Look for the word "place". Copy every line of the listing where it occurs.

---

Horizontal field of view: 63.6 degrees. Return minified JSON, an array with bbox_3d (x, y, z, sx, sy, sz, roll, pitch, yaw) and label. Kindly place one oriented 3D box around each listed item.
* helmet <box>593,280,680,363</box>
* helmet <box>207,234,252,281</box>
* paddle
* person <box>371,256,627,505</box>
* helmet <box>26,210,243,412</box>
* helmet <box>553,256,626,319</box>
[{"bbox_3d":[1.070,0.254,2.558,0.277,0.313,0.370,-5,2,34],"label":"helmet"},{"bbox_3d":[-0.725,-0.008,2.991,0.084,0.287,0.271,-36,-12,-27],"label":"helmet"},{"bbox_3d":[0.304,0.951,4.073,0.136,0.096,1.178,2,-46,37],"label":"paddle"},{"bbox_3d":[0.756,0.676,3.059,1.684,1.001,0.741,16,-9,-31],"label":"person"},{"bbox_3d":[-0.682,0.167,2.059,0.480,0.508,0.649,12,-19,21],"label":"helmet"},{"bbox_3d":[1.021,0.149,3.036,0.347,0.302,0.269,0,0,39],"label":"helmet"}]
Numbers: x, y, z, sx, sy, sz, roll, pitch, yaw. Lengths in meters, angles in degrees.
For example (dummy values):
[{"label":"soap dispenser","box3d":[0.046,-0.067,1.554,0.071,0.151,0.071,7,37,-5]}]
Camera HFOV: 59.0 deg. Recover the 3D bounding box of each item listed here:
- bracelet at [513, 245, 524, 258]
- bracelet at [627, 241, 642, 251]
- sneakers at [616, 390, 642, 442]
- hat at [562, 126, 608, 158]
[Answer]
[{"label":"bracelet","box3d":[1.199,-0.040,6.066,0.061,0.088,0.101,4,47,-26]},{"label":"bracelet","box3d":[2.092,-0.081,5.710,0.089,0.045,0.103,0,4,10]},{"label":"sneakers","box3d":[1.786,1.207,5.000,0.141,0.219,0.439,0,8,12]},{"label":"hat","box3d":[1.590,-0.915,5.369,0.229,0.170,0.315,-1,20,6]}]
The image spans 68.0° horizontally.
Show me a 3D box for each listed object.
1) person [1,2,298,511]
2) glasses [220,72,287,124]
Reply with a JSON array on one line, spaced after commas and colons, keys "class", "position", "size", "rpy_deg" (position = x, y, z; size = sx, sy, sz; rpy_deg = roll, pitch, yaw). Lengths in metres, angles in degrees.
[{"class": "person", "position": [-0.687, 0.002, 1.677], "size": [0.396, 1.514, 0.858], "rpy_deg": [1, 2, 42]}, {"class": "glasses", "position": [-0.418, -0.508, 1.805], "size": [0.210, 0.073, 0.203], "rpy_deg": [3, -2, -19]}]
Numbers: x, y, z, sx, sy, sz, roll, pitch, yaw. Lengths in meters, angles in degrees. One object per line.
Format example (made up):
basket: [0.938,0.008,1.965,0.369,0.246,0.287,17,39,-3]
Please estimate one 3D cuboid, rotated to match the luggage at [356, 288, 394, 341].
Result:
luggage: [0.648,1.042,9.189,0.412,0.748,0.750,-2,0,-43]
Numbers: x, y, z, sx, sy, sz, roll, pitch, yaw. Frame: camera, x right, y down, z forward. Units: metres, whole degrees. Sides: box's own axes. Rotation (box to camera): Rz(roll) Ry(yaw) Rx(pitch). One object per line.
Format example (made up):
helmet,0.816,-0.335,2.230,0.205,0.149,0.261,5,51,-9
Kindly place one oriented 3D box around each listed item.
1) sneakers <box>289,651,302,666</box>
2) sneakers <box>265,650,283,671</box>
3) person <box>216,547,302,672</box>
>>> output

---

▶ [WORKED SOLUTION]
Horizontal field of view: 63.6 degrees. Return minified JSON, an array with bbox_3d (x, y, z, sx, sy, sz, roll, pitch, yaw) and label. Kindly place one oriented 3D box around each listed item.
Kindly place one oriented 3D box around each listed item.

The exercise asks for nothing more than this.